2) Money Matters in Parenting
Many families link monetary allowances to the completion of chores, and that is certainly one way of teaching responsibility, the value of money, and a work ethic. An effective alternative is for parents to share their money with their children by giving them an allowance because the children are part of the family and cannot work or earn a living on their own (just as a working parent shares their earnings with a non-working parent). Seen in this way, the children do not perform chores in order to be paid, but because they are part of the family and responsible to help care for the household and keep it running smoothly. This honors the children as equally important members of the family. It teaches children to participate in the work of the family for the family’s sake and because it is the right thing to do, and not just in order to get paid.
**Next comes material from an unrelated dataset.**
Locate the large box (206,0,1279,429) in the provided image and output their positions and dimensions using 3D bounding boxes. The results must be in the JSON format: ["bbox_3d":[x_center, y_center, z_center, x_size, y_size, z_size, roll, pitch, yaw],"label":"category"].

Parents who pay their children an allowance for doing their household chores when they are younger often find that when the kids are older they hold their hands out to be paid when asked to do anything.
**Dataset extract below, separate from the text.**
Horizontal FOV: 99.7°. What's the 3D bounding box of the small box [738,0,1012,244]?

Parents, if you tithe from your income yourselves, teach your children to do the same. Children who receive an allowance or are paid to work can and should learn early on to honor God with the first-fruits of the money they receive. Show them the verses in the Bible that pertain to giving, tithing, and caring for the church and those who serve them. Talk about how the tithe is specifically used in your own church, such as to pay for utilities, maintenance, goods such as toilet paper, cleaning supplies, coffee and other refreshments, staff salaries, children’s and youth programs, and other in-house ministries, as well as outreach, missions, etc.
Saving money is another value that is good to instill early in a child’s life. A good rule of thumb is to set aside 10% of what is received. In order to make it easier for children to tithe and save, break their allowance into coins and small bills so that it is easy to divide. Use envelopes, piggy banks, or jars to store spending money, tithe money, and savings separately. Parents can open bank accounts on behalf of their children in which to deposit long-term savings. Savings money can either be saved indefinitely or else it can be used to help a child acquire high-ticket items, such as a video game system or a costly pair of jeans.
3) Your Children and Discipline
Here the “Golden Rule” applies: Do to unto others as you would have them do unto you. Parent as you would like to be parented if you were the kid. Being screamed and yelled at, or called names, is not only disrespectful and degrading, but it often deflates a child’s desire to be obedient or to please you. Furthermore, verbal and emotional abuse can break the spirit of a child, leading to depression, anxiety, and self-doubt.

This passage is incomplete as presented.